● **What is being asked**
Lines where the string "ezdxf" appears are to be copied from the entries below.

● **Input material**
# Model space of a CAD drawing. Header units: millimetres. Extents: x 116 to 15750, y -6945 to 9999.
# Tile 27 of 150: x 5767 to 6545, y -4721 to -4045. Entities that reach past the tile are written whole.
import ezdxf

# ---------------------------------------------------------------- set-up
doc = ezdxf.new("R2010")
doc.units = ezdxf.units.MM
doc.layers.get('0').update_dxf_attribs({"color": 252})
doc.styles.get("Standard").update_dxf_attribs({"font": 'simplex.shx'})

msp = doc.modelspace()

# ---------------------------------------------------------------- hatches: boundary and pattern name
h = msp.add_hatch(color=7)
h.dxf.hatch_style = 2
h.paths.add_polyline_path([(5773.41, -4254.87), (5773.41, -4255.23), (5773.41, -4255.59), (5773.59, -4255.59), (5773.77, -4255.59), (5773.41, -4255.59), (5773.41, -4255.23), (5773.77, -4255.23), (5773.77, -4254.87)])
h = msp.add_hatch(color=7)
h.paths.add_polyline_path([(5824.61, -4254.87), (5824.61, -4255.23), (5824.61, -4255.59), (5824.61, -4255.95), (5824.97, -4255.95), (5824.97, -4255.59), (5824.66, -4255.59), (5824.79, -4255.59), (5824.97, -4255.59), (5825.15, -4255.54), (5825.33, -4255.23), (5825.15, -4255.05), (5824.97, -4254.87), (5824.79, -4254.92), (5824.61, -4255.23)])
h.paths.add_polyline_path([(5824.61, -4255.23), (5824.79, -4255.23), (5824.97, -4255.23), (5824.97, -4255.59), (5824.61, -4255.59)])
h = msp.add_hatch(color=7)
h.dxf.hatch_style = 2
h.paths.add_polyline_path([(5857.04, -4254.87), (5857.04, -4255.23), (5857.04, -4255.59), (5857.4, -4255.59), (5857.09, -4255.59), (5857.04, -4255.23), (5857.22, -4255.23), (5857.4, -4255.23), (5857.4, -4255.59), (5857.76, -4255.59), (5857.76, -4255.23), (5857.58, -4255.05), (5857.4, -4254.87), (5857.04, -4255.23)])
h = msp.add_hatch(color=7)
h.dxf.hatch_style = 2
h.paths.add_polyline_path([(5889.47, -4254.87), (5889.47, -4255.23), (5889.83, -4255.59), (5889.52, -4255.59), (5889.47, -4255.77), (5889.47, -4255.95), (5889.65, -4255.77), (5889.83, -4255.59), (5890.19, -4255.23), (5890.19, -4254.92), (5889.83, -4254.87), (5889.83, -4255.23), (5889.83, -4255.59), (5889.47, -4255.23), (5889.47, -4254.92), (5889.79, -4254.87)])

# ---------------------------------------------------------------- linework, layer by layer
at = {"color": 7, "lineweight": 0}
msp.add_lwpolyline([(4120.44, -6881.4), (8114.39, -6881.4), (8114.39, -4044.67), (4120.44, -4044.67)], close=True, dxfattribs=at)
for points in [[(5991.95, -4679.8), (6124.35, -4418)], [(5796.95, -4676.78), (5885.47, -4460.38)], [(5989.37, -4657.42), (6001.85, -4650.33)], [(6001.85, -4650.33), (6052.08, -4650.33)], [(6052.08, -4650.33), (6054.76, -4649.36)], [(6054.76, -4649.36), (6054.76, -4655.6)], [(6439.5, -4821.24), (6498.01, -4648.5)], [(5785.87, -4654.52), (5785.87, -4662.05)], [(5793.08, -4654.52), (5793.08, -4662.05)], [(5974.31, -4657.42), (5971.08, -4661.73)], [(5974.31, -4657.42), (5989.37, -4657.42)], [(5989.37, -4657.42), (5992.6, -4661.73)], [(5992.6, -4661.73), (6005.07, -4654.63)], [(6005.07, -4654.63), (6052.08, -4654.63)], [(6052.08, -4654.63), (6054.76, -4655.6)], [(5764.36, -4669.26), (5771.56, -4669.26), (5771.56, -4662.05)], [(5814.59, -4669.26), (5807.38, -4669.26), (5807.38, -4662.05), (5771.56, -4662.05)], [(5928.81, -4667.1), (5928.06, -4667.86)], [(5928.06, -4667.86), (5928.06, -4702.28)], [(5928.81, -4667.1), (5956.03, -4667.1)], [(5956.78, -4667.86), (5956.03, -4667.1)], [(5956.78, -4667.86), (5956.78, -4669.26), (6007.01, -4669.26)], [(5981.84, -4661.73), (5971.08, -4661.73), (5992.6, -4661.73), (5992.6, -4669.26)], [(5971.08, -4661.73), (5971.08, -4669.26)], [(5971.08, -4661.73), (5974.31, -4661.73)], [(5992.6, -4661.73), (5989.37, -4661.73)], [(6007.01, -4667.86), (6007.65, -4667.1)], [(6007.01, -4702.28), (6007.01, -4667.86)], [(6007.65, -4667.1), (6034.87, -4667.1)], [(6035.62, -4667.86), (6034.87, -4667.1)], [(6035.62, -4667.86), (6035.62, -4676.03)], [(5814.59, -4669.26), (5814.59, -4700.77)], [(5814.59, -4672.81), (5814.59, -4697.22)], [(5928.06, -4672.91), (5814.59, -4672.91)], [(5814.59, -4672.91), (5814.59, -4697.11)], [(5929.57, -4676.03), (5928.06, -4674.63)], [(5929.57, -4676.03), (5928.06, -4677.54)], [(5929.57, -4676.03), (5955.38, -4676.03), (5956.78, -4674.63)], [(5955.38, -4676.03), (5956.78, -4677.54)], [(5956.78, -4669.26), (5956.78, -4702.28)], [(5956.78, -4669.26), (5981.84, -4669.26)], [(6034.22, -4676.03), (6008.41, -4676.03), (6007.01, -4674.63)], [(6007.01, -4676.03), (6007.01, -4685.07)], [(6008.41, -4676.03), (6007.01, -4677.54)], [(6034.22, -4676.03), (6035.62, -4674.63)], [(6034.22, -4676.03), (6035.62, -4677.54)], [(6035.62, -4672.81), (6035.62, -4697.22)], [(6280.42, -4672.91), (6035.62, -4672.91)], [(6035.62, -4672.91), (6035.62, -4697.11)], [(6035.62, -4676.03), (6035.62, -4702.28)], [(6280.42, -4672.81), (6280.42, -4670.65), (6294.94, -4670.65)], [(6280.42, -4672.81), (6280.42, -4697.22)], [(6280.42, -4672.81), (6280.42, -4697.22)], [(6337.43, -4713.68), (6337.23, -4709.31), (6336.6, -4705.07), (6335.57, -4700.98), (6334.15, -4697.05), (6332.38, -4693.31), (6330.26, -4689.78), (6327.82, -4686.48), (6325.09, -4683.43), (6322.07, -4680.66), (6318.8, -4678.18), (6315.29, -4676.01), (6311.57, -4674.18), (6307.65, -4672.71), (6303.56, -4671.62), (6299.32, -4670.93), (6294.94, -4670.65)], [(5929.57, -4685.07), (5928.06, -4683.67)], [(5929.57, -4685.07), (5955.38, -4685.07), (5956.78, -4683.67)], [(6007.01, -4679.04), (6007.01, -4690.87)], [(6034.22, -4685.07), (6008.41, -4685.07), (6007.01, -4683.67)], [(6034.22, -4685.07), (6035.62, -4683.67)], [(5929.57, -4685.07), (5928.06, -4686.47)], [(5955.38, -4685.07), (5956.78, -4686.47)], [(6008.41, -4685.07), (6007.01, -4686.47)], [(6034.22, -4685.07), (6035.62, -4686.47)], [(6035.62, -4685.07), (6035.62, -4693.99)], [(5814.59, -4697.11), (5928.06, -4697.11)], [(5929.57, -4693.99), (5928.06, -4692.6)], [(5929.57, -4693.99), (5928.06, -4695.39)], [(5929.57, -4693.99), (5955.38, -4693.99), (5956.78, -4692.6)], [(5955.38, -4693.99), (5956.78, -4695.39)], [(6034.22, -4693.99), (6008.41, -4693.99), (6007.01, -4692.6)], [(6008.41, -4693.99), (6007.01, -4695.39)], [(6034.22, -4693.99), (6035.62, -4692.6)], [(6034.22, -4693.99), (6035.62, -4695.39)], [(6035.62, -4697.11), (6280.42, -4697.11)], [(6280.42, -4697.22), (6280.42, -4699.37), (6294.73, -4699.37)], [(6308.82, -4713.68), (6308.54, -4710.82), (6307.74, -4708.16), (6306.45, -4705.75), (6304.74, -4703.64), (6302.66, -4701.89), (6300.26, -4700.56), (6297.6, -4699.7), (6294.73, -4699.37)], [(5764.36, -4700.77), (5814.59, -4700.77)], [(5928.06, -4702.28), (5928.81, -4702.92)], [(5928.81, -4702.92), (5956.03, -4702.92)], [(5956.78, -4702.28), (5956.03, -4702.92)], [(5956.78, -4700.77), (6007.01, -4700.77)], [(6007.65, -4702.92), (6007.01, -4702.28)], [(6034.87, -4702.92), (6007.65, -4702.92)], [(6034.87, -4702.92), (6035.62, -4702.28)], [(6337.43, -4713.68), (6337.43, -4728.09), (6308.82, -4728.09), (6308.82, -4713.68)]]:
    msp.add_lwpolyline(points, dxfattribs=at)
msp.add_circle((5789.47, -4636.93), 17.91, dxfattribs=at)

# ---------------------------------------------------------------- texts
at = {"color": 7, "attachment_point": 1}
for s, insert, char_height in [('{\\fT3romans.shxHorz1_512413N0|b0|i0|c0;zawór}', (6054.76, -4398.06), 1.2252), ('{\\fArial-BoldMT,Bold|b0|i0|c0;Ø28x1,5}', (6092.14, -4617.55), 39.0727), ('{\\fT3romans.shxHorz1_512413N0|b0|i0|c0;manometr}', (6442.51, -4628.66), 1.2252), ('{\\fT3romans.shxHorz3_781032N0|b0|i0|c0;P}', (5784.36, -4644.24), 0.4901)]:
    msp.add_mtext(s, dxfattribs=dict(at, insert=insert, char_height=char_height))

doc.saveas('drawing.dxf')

● **Task result**
import ezdxf
doc = ezdxf.new("R2010")
doc.units = ezdxf.units.MM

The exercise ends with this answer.